C'est en ces termes que sur place le père de Frédéric a invité les enduristes et les vététistes à la plus grande prudence, tandis que les circonstances du drame étaient rappelés à l'assistance. De l'avis générale des pratiquants, la campagne anti-loisirs motorisés orchestrée ces dernières années n'est pas étrangère à ce type d'«accident», malheureusement en nette recrudescence (voir contexte). Et de citer les «battues aux motorisés» et autres «chasses aux moteurs», organisées par l'ONF et l'ONCFS, et vantées par les journaux locaux. Autre triste exemple : l'appel, lancé par une certaine association écologiste radicale, à dénoncer systématiquement les randonneurs motorisés se promenant sur les chemins !
Qualifiés par la circulaire Olin de «dangers pour les autres usagers», les adeptes des loisirs verts motorisés sont en réalité des victimes de cette intolérance crasse et d'une désinformation systématique les faisant passer pour des délinquants.
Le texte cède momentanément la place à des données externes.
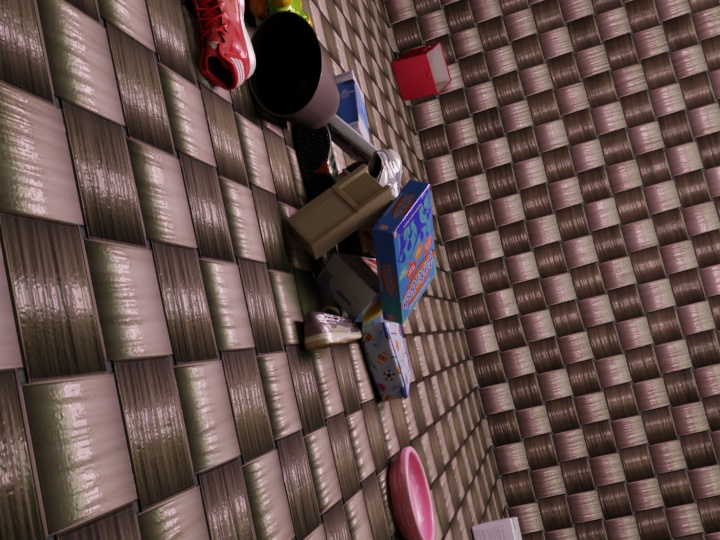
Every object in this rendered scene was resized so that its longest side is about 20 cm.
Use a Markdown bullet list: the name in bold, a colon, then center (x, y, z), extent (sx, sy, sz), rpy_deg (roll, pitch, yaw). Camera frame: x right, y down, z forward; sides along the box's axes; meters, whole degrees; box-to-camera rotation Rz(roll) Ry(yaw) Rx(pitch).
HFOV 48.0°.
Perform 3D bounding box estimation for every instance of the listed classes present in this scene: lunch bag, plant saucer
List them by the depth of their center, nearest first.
- **plant saucer**: center (0.103, 0.467, 1.655), extent (0.200, 0.050, 0.205), rpy_deg (-16, 91, -78)
- **lunch bag**: center (0.058, 0.167, 1.740), extent (0.160, 0.074, 0.204), rpy_deg (-58, 135, -72)

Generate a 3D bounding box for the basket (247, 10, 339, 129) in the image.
- **basket**: center (-0.111, -0.339, 1.457), extent (0.200, 0.133, 0.185), rpy_deg (29, 54, -78)

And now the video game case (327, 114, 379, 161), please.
- **video game case**: center (-0.020, -0.263, 1.665), extent (0.199, 0.024, 0.182), rpy_deg (40, -3, -1)

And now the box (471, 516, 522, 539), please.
- **box**: center (0.434, 0.871, 2.478), extent (0.200, 0.128, 0.203), rpy_deg (41, 36, -68)

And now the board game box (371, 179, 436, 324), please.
- **board game box**: center (0.081, -0.032, 1.428), extent (0.153, 0.044, 0.203), rpy_deg (-53, 146, -40)

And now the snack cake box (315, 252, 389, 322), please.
- **snack cake box**: center (0.015, 0.034, 1.521), extent (0.115, 0.068, 0.199), rpy_deg (44, 15, 22)

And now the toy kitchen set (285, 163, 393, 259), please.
- **toy kitchen set**: center (-0.045, -0.079, 1.460), extent (0.163, 0.179, 0.202), rpy_deg (43, -19, 34)

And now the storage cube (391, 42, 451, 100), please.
- **storage cube**: center (0.263, -0.851, 3.476), extent (0.171, 0.177, 0.203), rpy_deg (-48, 126, -49)

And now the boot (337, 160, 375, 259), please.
- **boot**: center (0.000, -0.100, 1.614), extent (0.212, 0.078, 0.161), rpy_deg (116, -30, -56)

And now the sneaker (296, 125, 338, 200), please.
- **sneaker**: center (-0.081, -0.201, 1.601), extent (0.093, 0.069, 0.204), rpy_deg (99, -22, -84)

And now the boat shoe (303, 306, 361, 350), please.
- **boat shoe**: center (-0.048, 0.094, 1.373), extent (0.199, 0.070, 0.066), rpy_deg (-2, 82, -72)

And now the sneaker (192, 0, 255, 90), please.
- **sneaker**: center (-0.207, -0.360, 1.172), extent (0.116, 0.077, 0.203), rpy_deg (-85, 156, -60)

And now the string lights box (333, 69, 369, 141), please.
- **string lights box**: center (-0.021, -0.401, 2.079), extent (0.103, 0.058, 0.204), rpy_deg (58, 22, -55)

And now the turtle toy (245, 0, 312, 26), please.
- **turtle toy**: center (-0.164, -0.522, 1.487), extent (0.146, 0.099, 0.205), rpy_deg (38, 39, -71)

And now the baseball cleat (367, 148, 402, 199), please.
- **baseball cleat**: center (0.043, -0.126, 1.539), extent (0.106, 0.069, 0.205), rpy_deg (-16, 100, -53)
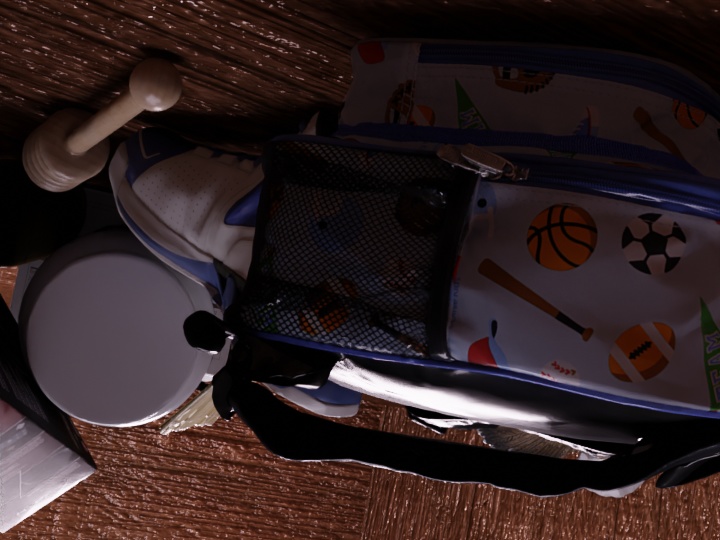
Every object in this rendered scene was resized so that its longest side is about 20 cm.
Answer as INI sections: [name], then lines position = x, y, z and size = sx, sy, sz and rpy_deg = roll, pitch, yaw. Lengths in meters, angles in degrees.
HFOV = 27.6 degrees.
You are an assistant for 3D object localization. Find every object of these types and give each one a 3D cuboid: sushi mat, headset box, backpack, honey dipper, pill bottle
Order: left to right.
[headset box]
position = -0.241, 0.050, 0.828
size = 0.077, 0.149, 0.200
rpy_deg = -33, 158, -5
[honey dipper]
position = -0.122, -0.068, 0.697
size = 0.038, 0.038, 0.200
rpy_deg = 13, 170, -24
[pill bottle]
position = -0.146, 0.032, 0.889
size = 0.115, 0.118, 0.200
rpy_deg = 11, -177, -7
[sushi mat]
position = -0.077, 0.069, 1.201
size = 0.200, 0.012, 0.096
rpy_deg = -41, 166, 19
[backpack]
position = 0.071, 0.004, 0.525
size = 0.189, 0.156, 0.200
rpy_deg = 16, -178, 27

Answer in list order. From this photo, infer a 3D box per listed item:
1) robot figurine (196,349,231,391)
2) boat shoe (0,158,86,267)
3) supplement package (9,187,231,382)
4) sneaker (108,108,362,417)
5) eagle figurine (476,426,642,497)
[robot figurine]
position = -0.153, 0.057, 1.273
size = 0.199, 0.059, 0.144
rpy_deg = -14, -158, -37
[boat shoe]
position = -0.270, -0.038, 0.924
size = 0.200, 0.073, 0.066
rpy_deg = -11, -158, -42
[supplement package]
position = -0.172, 0.014, 1.093
size = 0.154, 0.112, 0.200
rpy_deg = 12, 174, -9
[sneaker]
position = -0.033, -0.031, 0.701
size = 0.080, 0.116, 0.199
rpy_deg = 20, -162, -44
[eagle figurine]
position = 0.186, 0.102, 1.220
size = 0.150, 0.153, 0.200
rpy_deg = 29, -177, 17

Comme le rappelle Marin, co-organisateur de la manifestation : «Comme tous les français, nous utilisons des véhicules homologués, immatriculés, assurés, pour lesquels nous possédons un permis et payons des taxes. En conséquence, se promener sur les chemins ouverts à la circulation publique est légal et doit se faire librement et en toute sécurité. C'est une liberté constitutionnelle essentielle de notre démocratie !»
«Nous attendons avec impatience le procès en appel».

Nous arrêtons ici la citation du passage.